Error message will typically look like this:

ESP_ERROR_CHECK failed: esp_err_t 0x107 (ESP_ERR_TIMEOUT) at 0x400d1fdf

file: "/Users/user/esp/example/main/main.c" line 20
func: app_main
expression: sdmmc_card_init(host, &card)

Backtrace: 0x40086e7c:0x3ffb4ff0 0x40087328:0x3ffb5010 0x400d1fdf:0x3ffb5030 0x400d0816:0x3ffb5050

Note

If IDF monitor is used, addresses in the backtrace will be converted to file names and line numbers.

  • The first line mentions the error code as a hexadecimal value, and the identifier used for this error in source code. The latter depends on CONFIG_ESP_ERR_TO_NAME_LOOKUP option being set. Address in the program where error has occured is printed as well.

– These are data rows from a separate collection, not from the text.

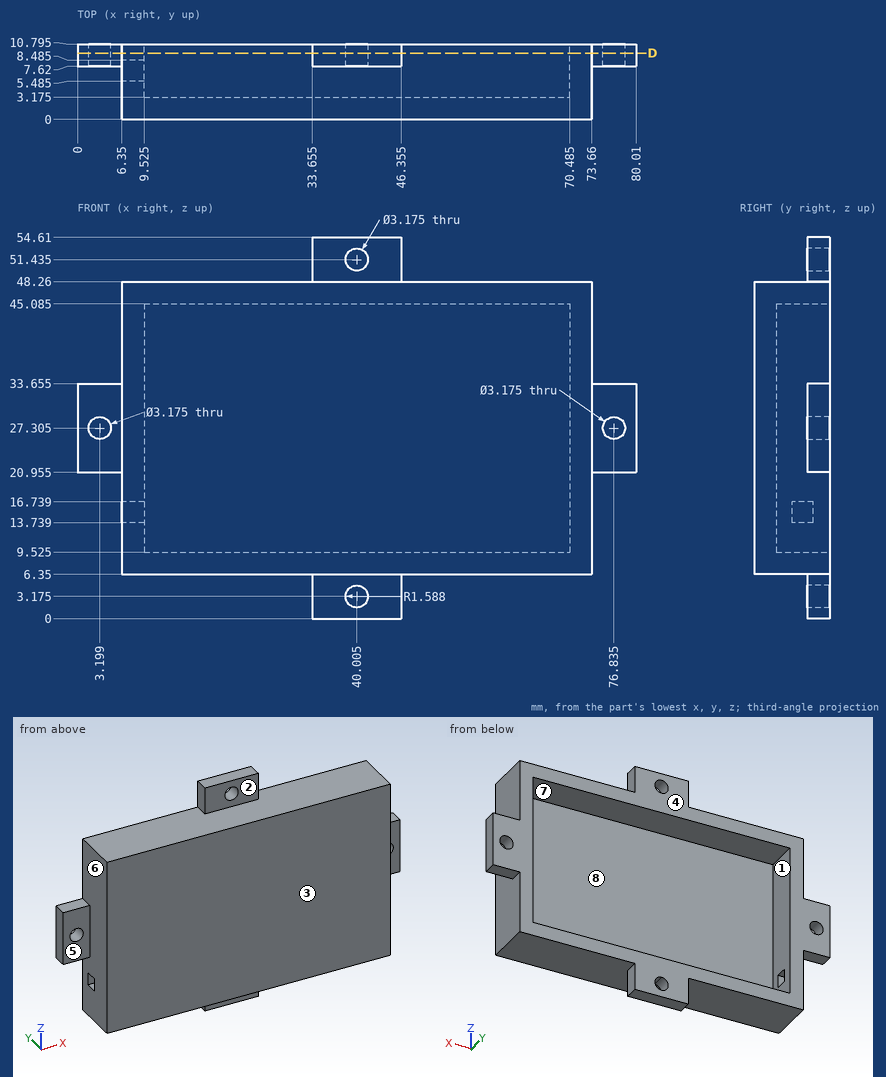
Study the drawing (mm; zero at the part's minimum x, y, z) and answer. A direction names the side the tool comes from. Give positions to 0.01 mm unless a question says otherwise; leave off trailing zeros. Return JSON: item names as keys, results as strings. Group by question number.
1. Straight lines are drawn through the part: line 1 (X direction, y = 9.5, z = 25.5) (1 decimal); line 2 (Z direction, x = 57.5, y = 1.5); line 3 (X direction, y = 5.75, z = 7). For each, find the intervals that lie inside material, in ascending order. Write a range as [from, to].
2. Given pin 1 Ø2.5 at (x, y) = (77.5, 9.5) entering from -Z (1 decimal); pin 2 Ø2 at (y, z) = (2, 41.5) entering from -X; pin 3 Ø5 at (y, z) = (9.5, 7.5) entering from +X; pin 4 Ø1.9 at (x, z) = (40.005, 51.435) entering from -Y, each flat-ended and moving along its own axis, determine where each tip first touches the part or whether it passes through.
3. Determine the mould class of the marked faces 6, 7 and 8 for opening direction Z: pulls with the +Z half, pulls with the -Z half, needs draft (parallel to the pull), parting line crosses it, or undercut.
4. Which of the six approach directions +Z, -Z, +X, -X, +Y, -Y give full straight-line access (tool end or side, diameter ignored) to the marked faces 1, 2, 3, 4 and 5?
5. Find section D-D (y = 9.5). State how many separate pieces and enclosed holes the cut face has.
Verdict:
{
 "1": {"line 1": "x = [0, 9.5], [70.5, 80]", "line 2": "z = [6.35, 48.26]", "line 3": "x = [6.35, 73.66]"},
 "2": {"pin 1": "stops at z = 21", "pin 2": "stops at x = 6.35", "pin 3": "stops at x = 73.66", "pin 4": "passes through"},
 "3": {"face 6": "needs draft", "face 7": "undercut", "face 8": "undercut"},
 "4": {"face 1": "+Y", "face 2": "+Z, +X, -X, -Y", "face 3": "+Z, -Z, +X, -X, -Y", "face 4": "+Z, -Z, +X, -X, +Y", "face 5": "+Z, -Z, -X, -Y"},
 "5": {"separate pieces": "1", "enclosed holes": "5"}
}
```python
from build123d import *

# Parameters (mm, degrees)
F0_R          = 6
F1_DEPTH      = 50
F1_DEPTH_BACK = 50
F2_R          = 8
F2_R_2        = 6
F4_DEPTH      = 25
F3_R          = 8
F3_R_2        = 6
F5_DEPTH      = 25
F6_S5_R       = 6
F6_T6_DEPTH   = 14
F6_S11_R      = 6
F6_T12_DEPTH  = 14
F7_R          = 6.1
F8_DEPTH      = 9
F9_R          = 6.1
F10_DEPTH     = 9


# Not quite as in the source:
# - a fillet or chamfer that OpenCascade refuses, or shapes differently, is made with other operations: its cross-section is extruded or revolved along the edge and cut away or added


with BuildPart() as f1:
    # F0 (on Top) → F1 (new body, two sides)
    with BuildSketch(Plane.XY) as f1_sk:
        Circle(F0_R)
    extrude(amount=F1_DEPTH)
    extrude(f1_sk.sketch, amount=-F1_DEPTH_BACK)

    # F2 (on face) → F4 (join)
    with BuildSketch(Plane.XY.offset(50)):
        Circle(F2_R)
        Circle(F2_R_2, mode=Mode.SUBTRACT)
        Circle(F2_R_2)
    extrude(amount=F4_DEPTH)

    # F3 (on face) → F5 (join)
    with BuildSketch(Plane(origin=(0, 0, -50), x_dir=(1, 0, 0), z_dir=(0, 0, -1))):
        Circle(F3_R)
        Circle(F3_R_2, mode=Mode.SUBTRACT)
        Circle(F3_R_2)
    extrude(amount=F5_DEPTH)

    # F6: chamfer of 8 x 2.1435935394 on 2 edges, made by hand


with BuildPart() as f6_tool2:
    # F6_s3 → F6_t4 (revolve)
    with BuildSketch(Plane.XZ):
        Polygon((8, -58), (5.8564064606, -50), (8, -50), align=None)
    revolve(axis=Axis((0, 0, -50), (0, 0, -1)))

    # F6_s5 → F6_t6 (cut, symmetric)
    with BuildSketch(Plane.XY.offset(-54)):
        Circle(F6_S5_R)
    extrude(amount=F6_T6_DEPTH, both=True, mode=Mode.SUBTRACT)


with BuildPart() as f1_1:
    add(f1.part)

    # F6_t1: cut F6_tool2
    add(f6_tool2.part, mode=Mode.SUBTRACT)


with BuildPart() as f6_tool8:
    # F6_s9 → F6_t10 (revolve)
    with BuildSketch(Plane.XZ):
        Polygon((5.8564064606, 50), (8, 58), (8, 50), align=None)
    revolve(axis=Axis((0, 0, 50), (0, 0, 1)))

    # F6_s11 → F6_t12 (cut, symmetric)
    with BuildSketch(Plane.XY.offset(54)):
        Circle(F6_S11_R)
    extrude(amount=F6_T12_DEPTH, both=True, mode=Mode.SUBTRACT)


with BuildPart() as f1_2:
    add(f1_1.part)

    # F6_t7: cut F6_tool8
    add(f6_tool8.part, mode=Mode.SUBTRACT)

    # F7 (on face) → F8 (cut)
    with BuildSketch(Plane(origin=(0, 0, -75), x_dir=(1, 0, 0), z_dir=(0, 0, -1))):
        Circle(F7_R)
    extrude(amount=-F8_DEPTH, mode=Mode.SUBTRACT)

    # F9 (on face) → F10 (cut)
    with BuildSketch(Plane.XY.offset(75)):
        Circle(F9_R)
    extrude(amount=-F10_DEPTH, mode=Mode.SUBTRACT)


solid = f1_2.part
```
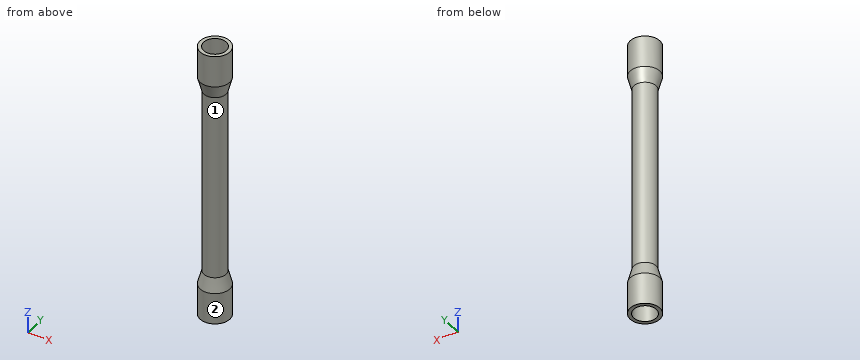
Part model, mm, in its own coordinate system. Face numbers are marked on the shaded views. A direction names the side the tool comes from. Coordinates: 2 decimals unless noted, no trailing zeros. Order: outer loops, then holes, each group sorted by start corner. A loop starts at its lowest first (then second) coordinate and runs counter-clockwise, first axis right, second up. Notation, with made-up numbers: (52, 49) - (81, 49) arc R29 cw to (81, 69) - close; hole circle Ø2 at (3.5, 1.25). An arc over 180 degrees is marked (long way). Return JSON: item names as keys, results as strings. Group by question number.
Item 1: Drill centre lines: probe 1 along X at (y, z) = (0, -72); probe 2 along Y at (x, z) = (0.5, -62). Where is each one in solid material? Low to high. Write a range as from..to.
Item 2: Cut at A-A (x = 0). List the corners of the cut face in (y, z), plus the area to 3 significant figures.
Item 3: Cut at C-C (z = -41). List the corners of the cut face in (x, y), plus the area to 3 significant figures.
Item 4: Which spindle directions (+Z, -Z, +X, -X, +Y, -Y) get a long thin tool onto all of the face, cutting with end or side? Do the marked faces 1 and 2. Say none if no direction does.
Item 5: Pin check, flat tips, straight feed: pin 1 (3.5 mm diameter, centred on x = -1, y = 1, fed in from +Z); pin 2 (2 mm diameter, centred on y = -3.5, z = 25.5, fed in from +X); pin 3 (6 mm diameter, centred on x = -3, z = -36, fed in from -Y). Stop position of each tip, or through.
Check values:
{
 "1": {"probe 1": "x = -8..-6.1, 6.1..8", "probe 2": "y = -7.98..7.98"},
 "2": {"outline": "(-8, -75) - (-6.1, -75) - (-6.1, -66) - (6.1, -66) - (6.1, -75) - (8, -75) - (8, -58) - (6, -50.54) - (6, 50.54) - (8, 58) - (8, 75) - (6.1, 75) - (6.1, 66) - (-6.1, 66) - (-6.1, 75) - (-8, 75) - (-8, 58) - (-6, 50.54) - (-6, -50.54) - (-8, -58) - close", "area": "1,750 mm2"},
 "3": {"outline": "circle Ø12 at (0, 0)", "area": "113 mm2"},
 "4": {"face 1": "none", "face 2": "+Z, -Z"},
 "5": {"pin 1": "stops at z = 66", "pin 2": "stops at x = 5.45", "pin 3": "stops at y = -6"}
}

  • Subsequent lines show the location in the program where ESP_ERROR_CHECK() macro was called, and the expression which was passed to the macro as an argument.

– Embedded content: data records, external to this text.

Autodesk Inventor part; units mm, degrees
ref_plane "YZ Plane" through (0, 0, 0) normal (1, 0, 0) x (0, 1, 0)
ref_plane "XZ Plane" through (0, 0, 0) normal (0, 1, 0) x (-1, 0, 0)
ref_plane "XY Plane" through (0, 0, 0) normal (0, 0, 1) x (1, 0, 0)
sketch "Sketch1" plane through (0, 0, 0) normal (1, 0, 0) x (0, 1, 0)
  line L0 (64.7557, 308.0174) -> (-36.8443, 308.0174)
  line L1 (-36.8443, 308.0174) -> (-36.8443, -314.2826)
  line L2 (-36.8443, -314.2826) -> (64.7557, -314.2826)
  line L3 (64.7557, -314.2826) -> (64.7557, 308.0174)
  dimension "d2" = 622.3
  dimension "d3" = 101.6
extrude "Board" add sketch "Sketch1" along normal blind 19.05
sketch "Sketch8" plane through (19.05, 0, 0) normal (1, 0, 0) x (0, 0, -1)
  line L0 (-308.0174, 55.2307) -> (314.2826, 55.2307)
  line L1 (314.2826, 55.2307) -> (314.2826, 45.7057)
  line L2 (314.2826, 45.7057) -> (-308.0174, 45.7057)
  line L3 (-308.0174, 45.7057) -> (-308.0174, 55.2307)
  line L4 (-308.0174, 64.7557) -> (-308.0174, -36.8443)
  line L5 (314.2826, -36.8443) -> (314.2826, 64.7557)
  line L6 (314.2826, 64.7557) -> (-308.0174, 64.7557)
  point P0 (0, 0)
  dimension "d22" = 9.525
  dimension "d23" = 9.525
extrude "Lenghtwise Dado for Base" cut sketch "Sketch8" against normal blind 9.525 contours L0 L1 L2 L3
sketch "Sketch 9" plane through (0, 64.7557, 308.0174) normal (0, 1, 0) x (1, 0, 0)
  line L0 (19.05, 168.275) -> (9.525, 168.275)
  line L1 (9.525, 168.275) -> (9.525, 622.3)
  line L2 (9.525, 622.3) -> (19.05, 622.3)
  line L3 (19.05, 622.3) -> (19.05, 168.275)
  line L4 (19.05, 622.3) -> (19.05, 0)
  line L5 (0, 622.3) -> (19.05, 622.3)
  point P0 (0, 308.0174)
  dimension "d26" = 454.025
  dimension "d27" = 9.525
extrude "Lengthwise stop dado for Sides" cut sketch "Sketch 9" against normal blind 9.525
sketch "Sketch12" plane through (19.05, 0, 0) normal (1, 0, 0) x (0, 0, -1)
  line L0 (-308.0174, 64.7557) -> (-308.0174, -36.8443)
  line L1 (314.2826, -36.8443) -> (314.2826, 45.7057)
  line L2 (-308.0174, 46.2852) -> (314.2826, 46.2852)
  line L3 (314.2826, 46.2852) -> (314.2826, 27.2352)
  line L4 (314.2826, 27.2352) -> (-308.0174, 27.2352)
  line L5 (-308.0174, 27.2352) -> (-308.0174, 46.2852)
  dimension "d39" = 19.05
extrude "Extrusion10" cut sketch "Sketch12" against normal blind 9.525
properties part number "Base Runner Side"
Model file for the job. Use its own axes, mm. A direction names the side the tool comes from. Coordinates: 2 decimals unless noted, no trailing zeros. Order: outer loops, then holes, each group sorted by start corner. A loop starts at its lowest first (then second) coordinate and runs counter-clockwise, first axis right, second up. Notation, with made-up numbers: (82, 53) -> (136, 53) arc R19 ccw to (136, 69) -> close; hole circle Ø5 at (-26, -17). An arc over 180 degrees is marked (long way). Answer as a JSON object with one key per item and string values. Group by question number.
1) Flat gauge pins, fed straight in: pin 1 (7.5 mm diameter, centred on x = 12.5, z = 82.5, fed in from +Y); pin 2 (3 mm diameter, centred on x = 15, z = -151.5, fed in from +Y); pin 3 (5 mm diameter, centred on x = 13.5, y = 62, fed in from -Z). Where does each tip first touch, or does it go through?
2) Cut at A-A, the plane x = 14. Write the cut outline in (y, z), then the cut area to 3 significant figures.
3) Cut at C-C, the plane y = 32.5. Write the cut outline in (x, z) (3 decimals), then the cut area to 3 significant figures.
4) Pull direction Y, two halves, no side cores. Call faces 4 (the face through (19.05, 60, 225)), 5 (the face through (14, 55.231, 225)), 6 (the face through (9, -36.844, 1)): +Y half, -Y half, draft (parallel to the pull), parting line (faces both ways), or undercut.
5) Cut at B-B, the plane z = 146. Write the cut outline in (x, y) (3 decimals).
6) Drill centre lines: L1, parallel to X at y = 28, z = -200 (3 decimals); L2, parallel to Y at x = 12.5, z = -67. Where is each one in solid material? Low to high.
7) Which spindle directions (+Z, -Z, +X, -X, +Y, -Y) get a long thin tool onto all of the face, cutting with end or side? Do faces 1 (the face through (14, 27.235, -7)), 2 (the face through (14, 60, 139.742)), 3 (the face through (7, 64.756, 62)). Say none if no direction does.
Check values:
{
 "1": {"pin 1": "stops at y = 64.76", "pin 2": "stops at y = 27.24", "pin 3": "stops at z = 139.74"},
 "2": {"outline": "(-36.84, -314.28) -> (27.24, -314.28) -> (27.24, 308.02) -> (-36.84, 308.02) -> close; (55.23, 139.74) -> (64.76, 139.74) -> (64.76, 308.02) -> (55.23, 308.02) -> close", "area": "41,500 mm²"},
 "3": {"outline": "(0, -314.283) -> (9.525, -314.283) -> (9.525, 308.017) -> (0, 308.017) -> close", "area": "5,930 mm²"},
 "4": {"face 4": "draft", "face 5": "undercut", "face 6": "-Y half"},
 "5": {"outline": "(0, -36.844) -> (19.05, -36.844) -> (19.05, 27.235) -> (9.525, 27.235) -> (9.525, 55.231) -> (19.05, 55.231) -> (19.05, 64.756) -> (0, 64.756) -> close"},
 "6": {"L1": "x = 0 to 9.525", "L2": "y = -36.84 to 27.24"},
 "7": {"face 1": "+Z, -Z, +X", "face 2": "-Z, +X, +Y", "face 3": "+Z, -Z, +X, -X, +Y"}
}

  • Finally, backtrace is printed. This is part of panic handler output common to all fatal errors. See Fatal Errors for more information about the backtrace.

Error handling patterns

  1. Attempt to recover. Depending on the situation, this might mean to retry the call after some time, or attempt to de-initialize the driver and re-initialize it again, or fix the error condition using an out-of-band mechanism (e.g reset an external peripheral which is not responding).

    Example:

    esp_err_t err;
    do {
        err = sdio_slave_send_queue(addr, len, arg, timeout);
        // keep retrying while the sending queue is full
    } while (err == ESP_ERR_TIMEOUT);
    if (err != ESP_OK) {
        // handle other errors
    }
    
  2. Propagate the error to the caller. In some middleware components this means that a function must exit with the same error code, making sure any resource allocations are rolled back.

    Example:

    sdmmc_card_t* card = calloc(1, sizeof(sdmmc_card_t));
    if (card == NULL) {
        return ESP_ERR_NO_MEM;
    }
    esp_err_t err = sdmmc_card_init(host, &card);
    if (err != ESP_OK) {
        // Clean up
        free(card);
        // Propagate the error to the upper layer (e.g. to notify the user).
        // Alternatively, application can define and return custom error code.
        return err;
    }
    
  3. Convert into unrecoverable error, for example using ESP_ERROR_CHECK. See ESP_ERROR_CHECK macro section for details.

    Terminating the application in case of an error is usually undesirable behaviour for middleware components, but is sometimes acceptable at application level.

    Many ESP-IDF examples use ESP_ERROR_CHECK to handle errors from various APIs. This is not the best practice for applications, and is done to make example code more concise.

    Example:

    ESP_ERROR_CHECK(spi_bus_initialize(host, bus_config, dma_chan));
    

C++ Exceptions

Support for C++ Exceptions in ESP-IDF is disabled by default, but can be enabled using CONFIG_COMPILER_CXX_EXCEPTIONS option.

Enabling exception handling normally increases application binary size by a few kB. Additionally it may be necessary to reserve some amount of RAM for exception emergency pool. Memory from this pool will be used if it is not possible to allocate exception object from the heap. Amount of memory in the emergency pool can be set using CONFIG_COMPILER_CXX_EXCEPTIONS_EMG_POOL_SIZE variable.

If an exception is thrown, but there is no catch block, the program will be terminated by abort function, and backtrace will be printed. See Fatal Errors for more information about backtraces.

See cxx/exceptions for an example of C++ exception handling.